Any picture must be dropped, but each line of the data should be duplicated exactly.

(Data records begins)

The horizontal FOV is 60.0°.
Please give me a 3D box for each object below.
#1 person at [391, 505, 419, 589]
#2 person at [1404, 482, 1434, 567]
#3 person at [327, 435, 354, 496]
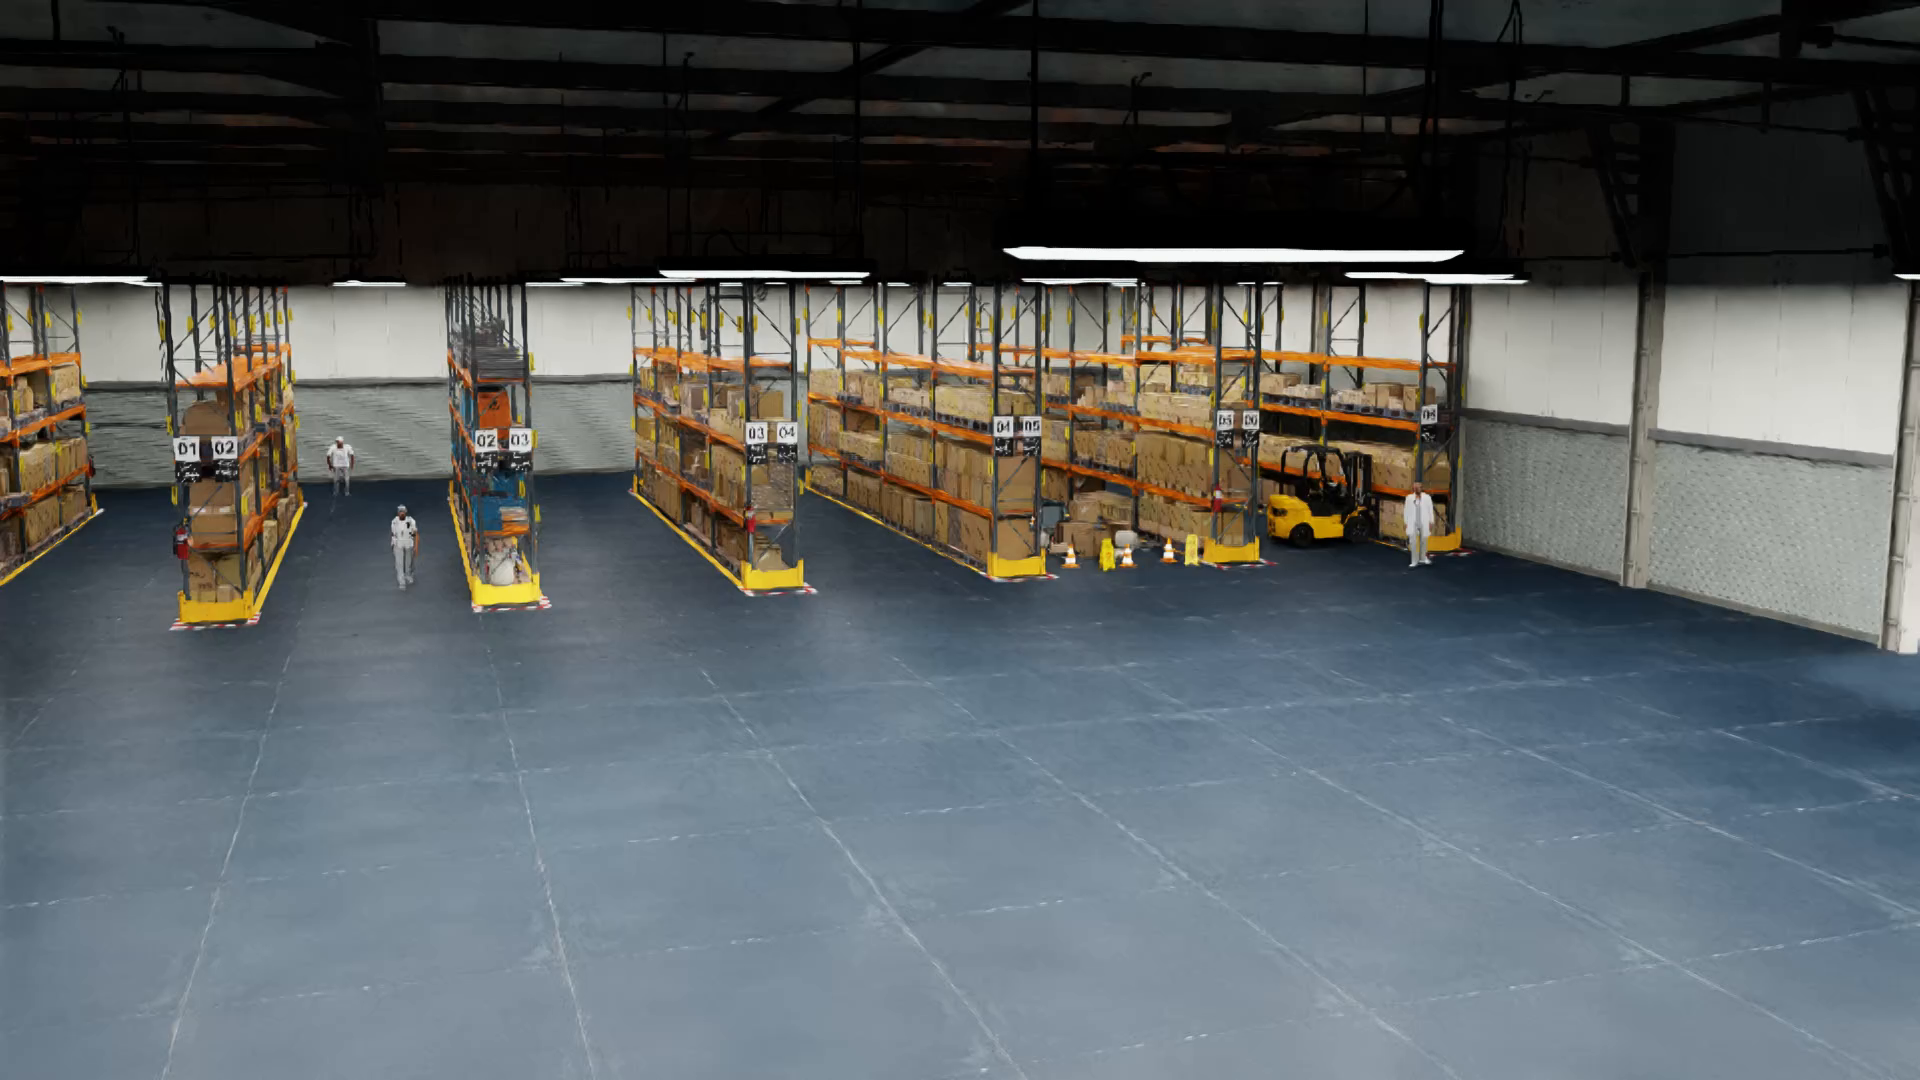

(Data records ends)

Answer to the exercise »
The horizontal FOV is 60.0°.
Please give me a 3D box for each object below.
#1 person at [391, 505, 419, 589]
#2 person at [1404, 482, 1434, 567]
#3 person at [327, 435, 354, 496]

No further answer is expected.